O guitarrista da banda Gurizada Fandangueira, Rodrigo Lemos Martins, também disse à Folha
que o fogo começou depois que o sinaleiro (chamado por ele de
"sputinik") ter sido aceso. Um segurança da casa e o vocalista da banda
tentaram apagar o incêndio, afirma o guitarrista, porém o extintor não
funcionou.
Para Valdir Pignatta e Silva, professor da Poli/USP e especialista em
segurança contra incêndios, houve ali uma sucessão "absurda" de erros.
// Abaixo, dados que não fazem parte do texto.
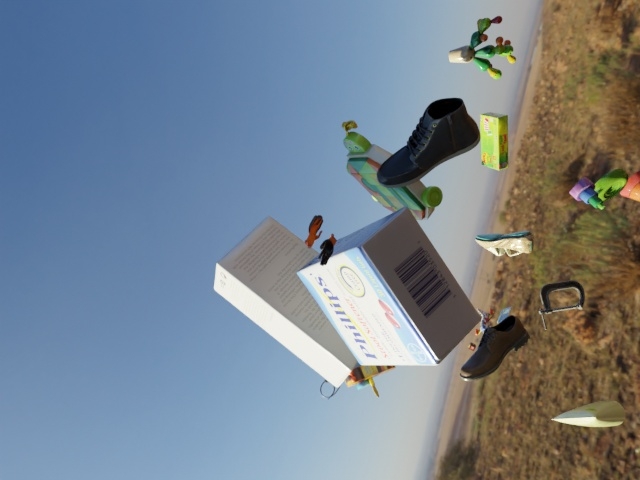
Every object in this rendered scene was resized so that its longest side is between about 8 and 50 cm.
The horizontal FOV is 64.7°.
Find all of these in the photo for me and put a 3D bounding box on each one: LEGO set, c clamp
[{"bbox_3d":[0.561,0.316,1.737,0.182,0.060,0.244,-63,-6,-14],"label":"LEGO set"},{"bbox_3d":[0.772,0.200,1.617,0.022,0.161,0.137,72,-176,-77],"label":"c clamp"}]

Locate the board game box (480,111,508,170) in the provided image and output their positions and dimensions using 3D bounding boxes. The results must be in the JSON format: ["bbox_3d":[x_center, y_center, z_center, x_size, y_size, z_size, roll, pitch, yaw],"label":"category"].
[{"bbox_3d":[0.595,-0.340,1.729,0.092,0.043,0.181,-137,33,-60],"label":"board game box"}]

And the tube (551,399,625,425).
[{"bbox_3d":[0.633,0.403,1.168,0.240,0.062,0.070,12,-66,-40],"label":"tube"}]

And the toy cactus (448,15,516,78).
[{"bbox_3d":[0.471,-0.563,1.482,0.219,0.181,0.112,36,-118,-56],"label":"toy cactus"}]

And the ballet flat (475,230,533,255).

Ele cita a falta de sinalização para a saída de emergência e o fato de
haver apenas uma porta de acesso ao local. Também afirma que o teto da
boate era feito de material inflamável.
O pesquisador da Coppe/UFRJ (Coordenação de Programas em Pós-Graduação
em Engenharia) Moacir Duarte diz que as pessoas foram vítimas de uma
"desorganização primária".
"Um vistoria simples, de menos de duas horas, feita por um bombeiro,
bastaria para vetar o local para a realização de shows", disse. "Há uma
cadeia enorme de responsabilidades."
Além das falhas na estrutura, Duarte cita ainda o problema da falta de rádios para a equipe de segurança.
Sem saber o que acontecia, seguranças na porta da boate pensaram
inicialmente que o tumulto havia sido causado por uma briga e barraram
as pessoas para que elas não deixassem o local sem pagar a conta.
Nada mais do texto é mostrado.